Et comme chez Kurosawa, c'est du treizième élément, la pièce rapportée par hasard, que va s'exprimer la conviction profonde du réalisateur. Miike dépasse les discours sur l'honneur et le reste en donnant une voix aux véritables opprimés. Dans ces jeux complexes de pouvoir et de domination, ce sont les petites gens, les paysans, qui toujours souffrent en silence. Ici, il y a Koyata, le chasseur, un homme des bois, un sauvage, un libertaire dans l'âme, fantasque et plein d'humour, coureur de jupons à la saine sexualité. Il s'oppose ainsi à Naritsugu qui ne jouit que de la douleur, comme aux autres personnages qui sont abstinents, à l'exception notable de Shinroukuro, neveu de Shinzaemon et présenté comme un jouisseur ayant rejoint l'équipe pour trouver une sorte de rédemption. Koyata se bat sans armes ni code de l'honneur, il n'est pas samouraï, mais n'en est pas moins efficace. La langue bien pendue, il met directement les gens face à leur contradictions et n'a guère plus de considération pour les 13 assassins que pour leur cible, se rangeant aux côtés des premiers uniquement parce que leur cause semble désespérée et que cela l'amuse. La conclusion du film pourrait reprendre celle de celui de Kurosawa : «Ce n'est pas nous qui avons gagné, ce sont les paysans», mais exprimée cette fois par l'un d'entre eux avec une bonne dose d'ironie. Koyata a toute la sympathie de Miike (Shinroukuro aussi dans une moindre mesure), il représente le monde moderne qui rejette sans un regret tout ce Japon féodal qui s'auto-détruit dans l'apocalypse finale. Il est assez tentant de faire glisser cette lecture à notre époque moderne et aux nouvelles féodalités, on y retrouve sans peine le côté iconoclaste du réalisateur quand à la vision son pays.
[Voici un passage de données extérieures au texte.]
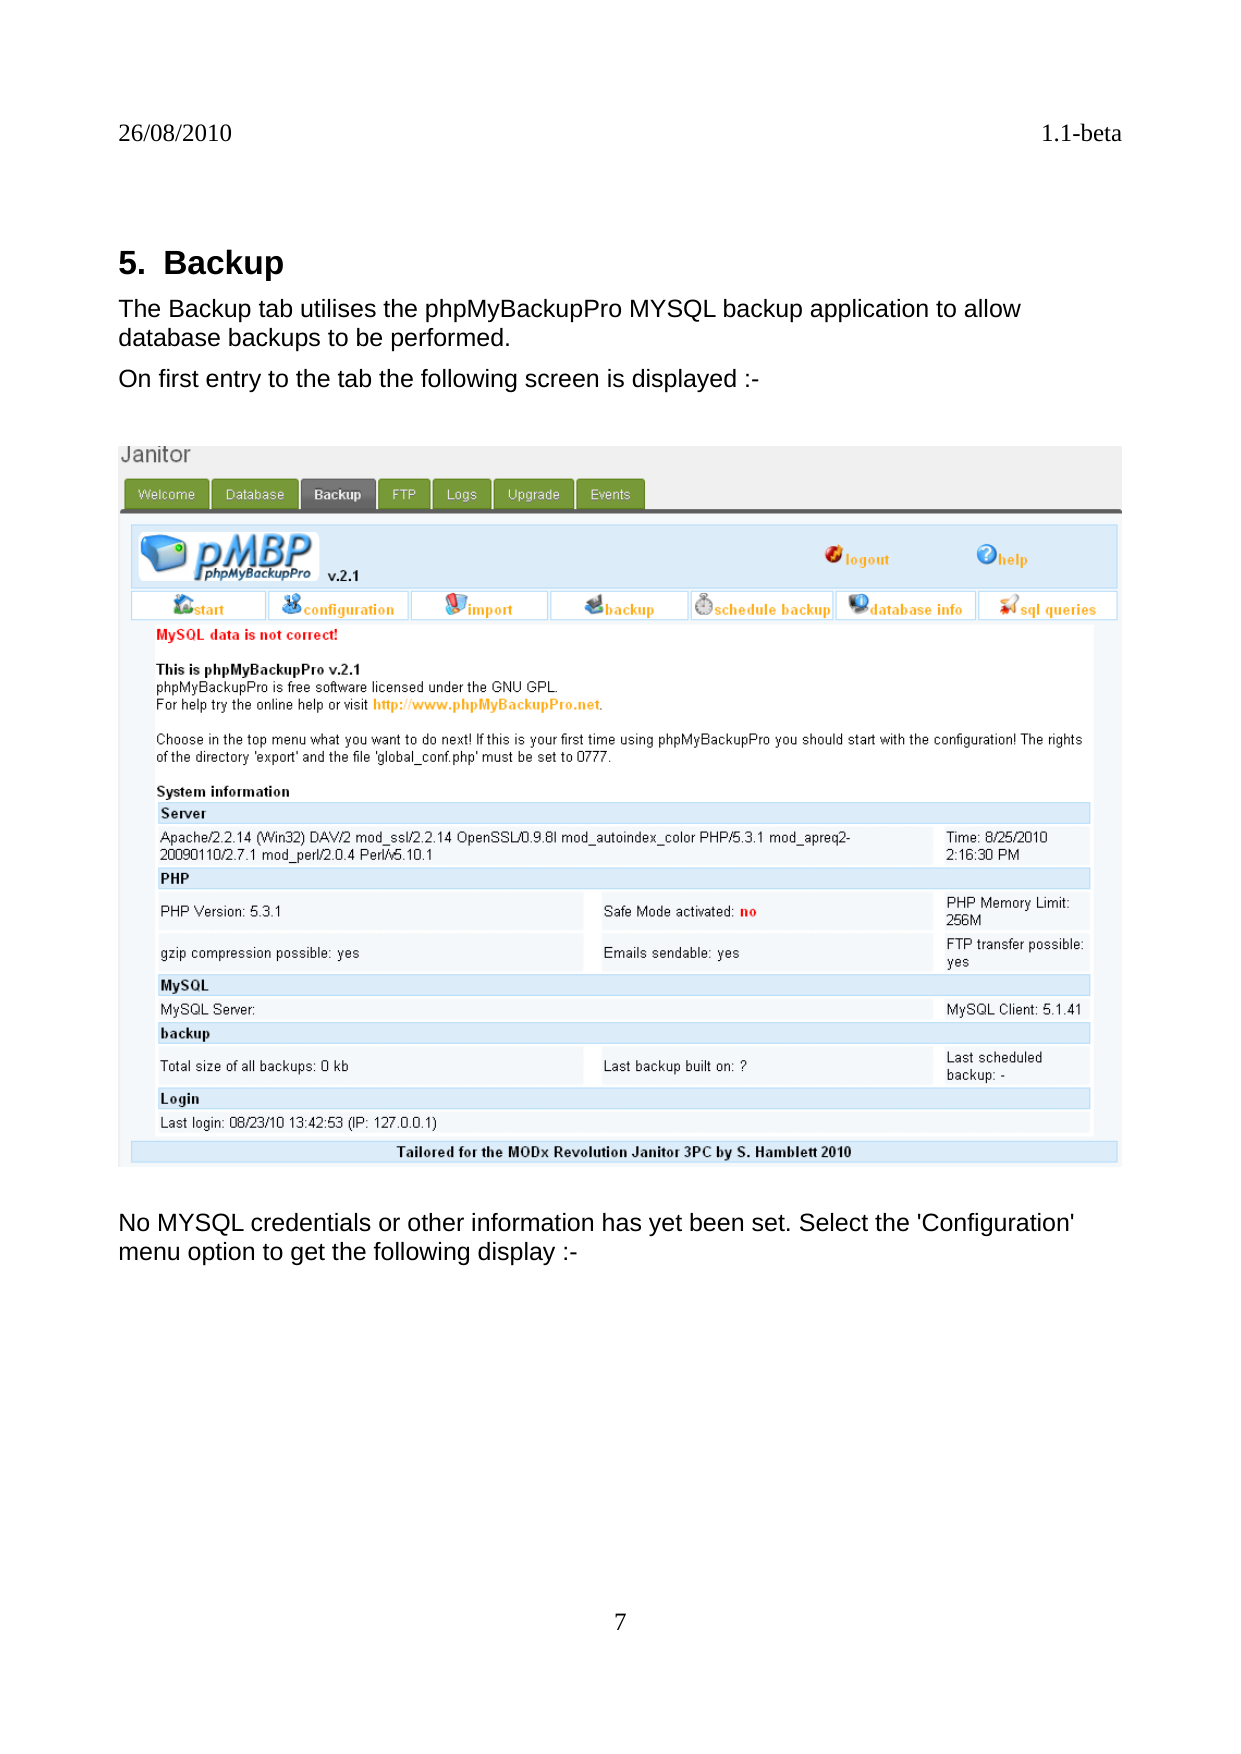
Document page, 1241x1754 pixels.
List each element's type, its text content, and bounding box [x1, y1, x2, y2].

text On first entry to the tab the following screen is displayed :- [118, 364, 1122, 392]
text No MYSQL credentials or other information has yet been set. Select the 'Configuration' menu option to get the following display :- [118, 1208, 1122, 1266]
subtitle Backup [118, 243, 1122, 281]
picture [118, 446, 1122, 1167]
text The Backup tab utilises the phpMyBackupPro MYSQL backup application to allow database backups to be performed. [118, 294, 1122, 351]
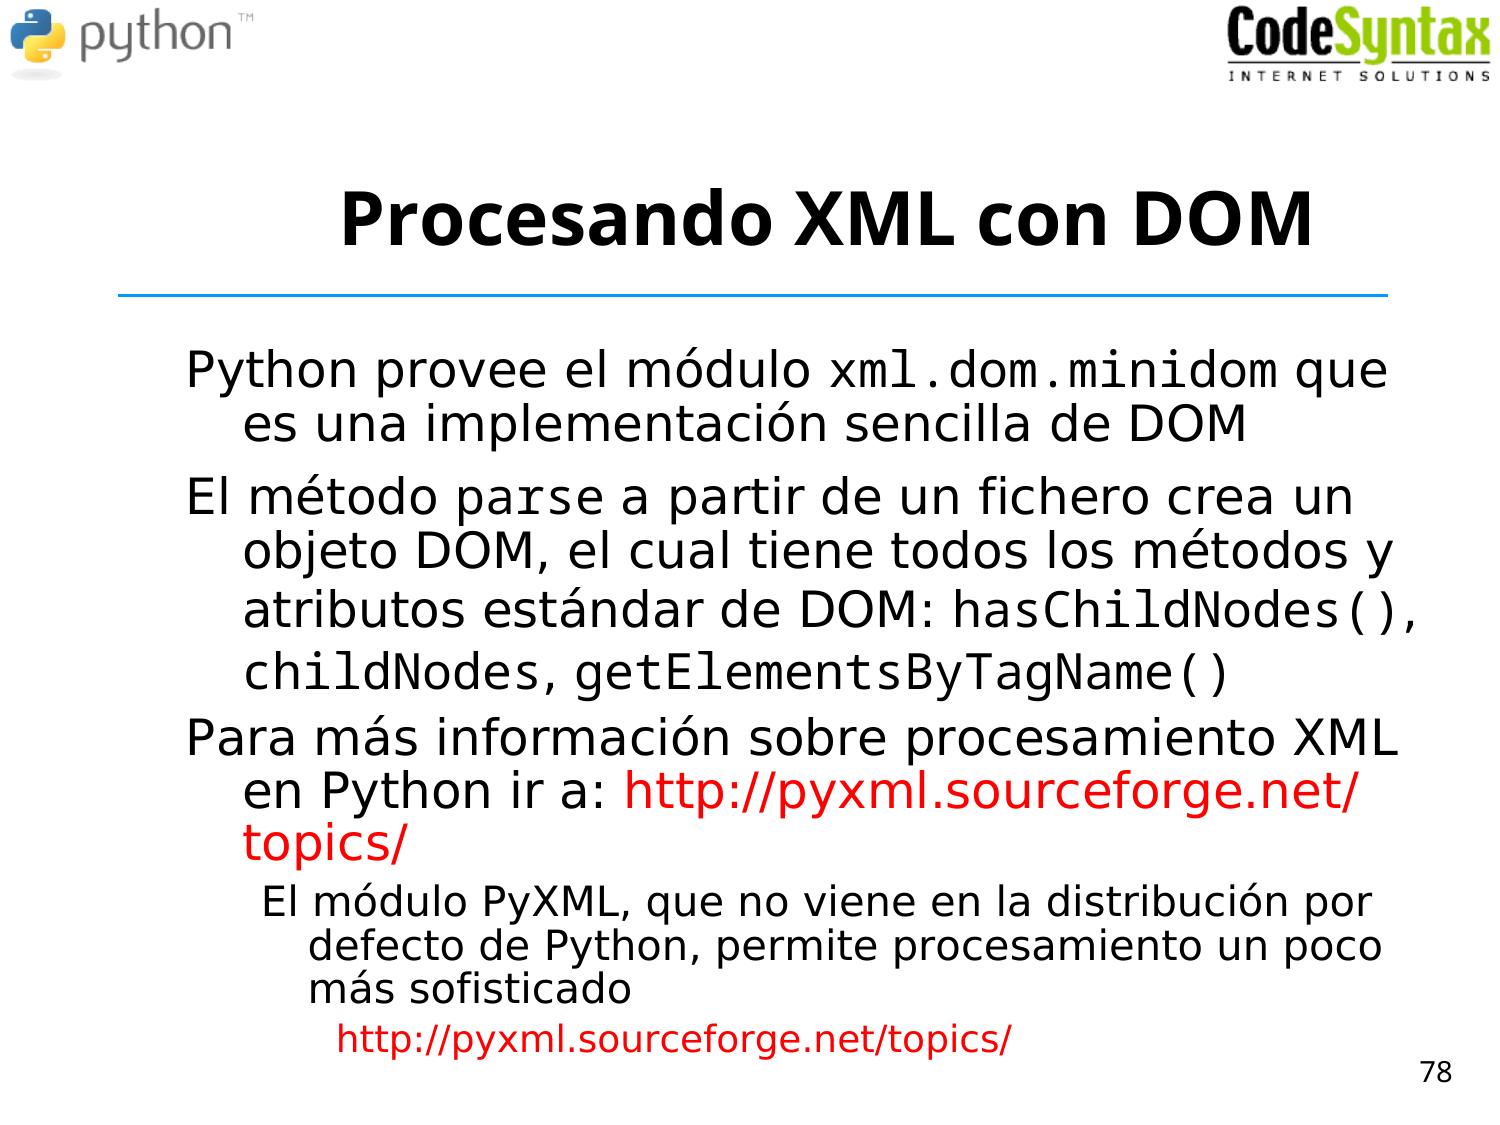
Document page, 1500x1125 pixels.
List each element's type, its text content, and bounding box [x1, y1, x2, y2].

La portée du film est néanmoins atténuée par le schématisme de certains personnages, en partie pour des questions de durée. Le film proposé par la belle édition Métropolitan Vidéo est la version internationale de 126 minutes alors que la version d'origine en fait 141. Les scènes supplémentaires que l'on peut découvrir n'apportent pourtant pas grand chose de plus. Et puis 13 personnages, c'est beaucoup. Il fallait sans doute choisir. Malgré de beaux efforts dans la première partie et le jeu impeccable de tout le monde, Miike sacrifie certains développements psychologiques à l'ivresse d'un cinéma d'action somptueux où le plaisir de image et du mouvement se donne libre court.